Posted on June 26, 2013 by MissionIR

IntelGenx Technologies has developed a diverse product portfolio based on its novel, proprietary formulations platforms for the treatment of multiple indications. Its three technologies include:

• Multilayer tablet technology, VersaTab™, which allows for the development of oral controlled release products;
• Oral film technology, VersaFilm™, for the immediate delivery of pharmaceutically active substances to the oral cavity for oral or gastro-intestinal absorption; and
• Mucoadhesive technology, AdVersa™, for quick or controlled release to control drug delivery absorption kinetics/rates.

The company has established partnerships with DAVA Pharmaceuticals, Edgemont Pharmaceuticals, Par Pharmaceutical, and RedHill Biopharma, and is also in discussions with several other potential partners for various products.

Because IGTX is developing enhanced formulations of currently marketed therapies, the company has a vantage point over many traditional pharmaceutical and biotechnology companies. IGTX’ products generally require fewer clinical trials to achieve efficacy and safety data for regulatory approval, which means the company can accelerate development and sees lower risk for failure than other industry players.

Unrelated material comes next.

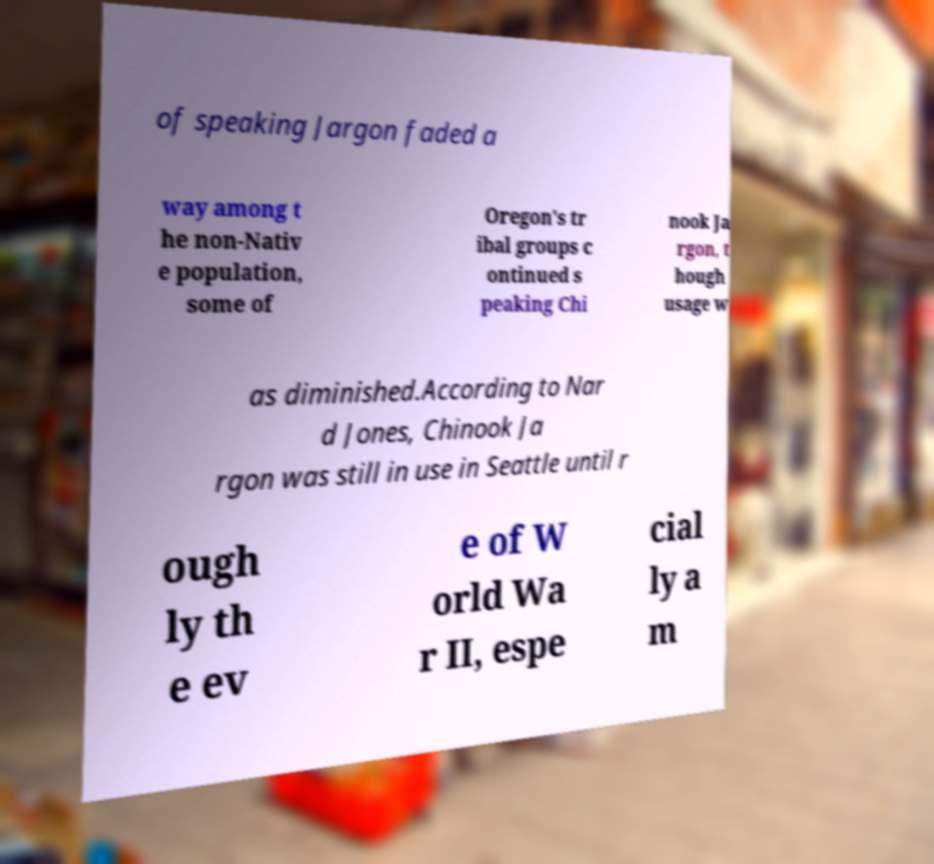There's text embedded in this image that I need extracted. Can you transcribe it verbatim? of speaking Jargon faded a way among t he non-Nativ e population, some of Oregon's tr ibal groups c ontinued s peaking Chi nook Ja rgon, t hough usage w as diminished.According to Nar d Jones, Chinook Ja rgon was still in use in Seattle until r ough ly th e ev e of W orld Wa r II, espe cial ly a m

The company’s VersaFilm™ rizatriptan contains a strip of thin polymeric film comprised of components that are already approved by the U.S. FDA for use in food, pharmaceutical, and cosmetic products. Rizatriptan was developed by Merck & Co. available in 5 and 10 mg tablets (Maxalt) and orally disintegrating tablets. IGXT has formulated rizatriptan as an immediate release oral film based on its VersaFilm technology.

The FDA last week accepted for review IGXT’s New Drug Application (NDA) for IGXT’s VersaFilm™ rizatriptan, which the company believes is the first oral film product for the treatment of migraine for which a 505(b)(2) NDA has been submitted to the FDA. The review is expected to be completed in the first half of 2014.

From a financial standpoint, the company in the first quarter of 2013 marked improvements across the board. Revenue of $0.2 million consisted of $0.1 million of royalty income and $0.1 million of deferred license revenue, both related to Forfivo XL™. Revenue in the first quarter of 2012 was $0.1 million.

The company decreased its total expenses to $0.6 million from $0.7 million in the first quarter of the year prior as clinical study costs incurred in the first quarter of 2012 were not repeated in the first quarter of 2013.

IGXT trimmed its net loss in the first quarter 2013 to $0.05 million from $0.6 million in the first quarter the year prior, maintaining a loss per share of $0.01.

The company expects to be cash flow positive and profitable at the operational level throughout 2013, and as of March 31, 2013, had cash of $2.2 million vs. cash of $2.1 million as of December 31, 2012.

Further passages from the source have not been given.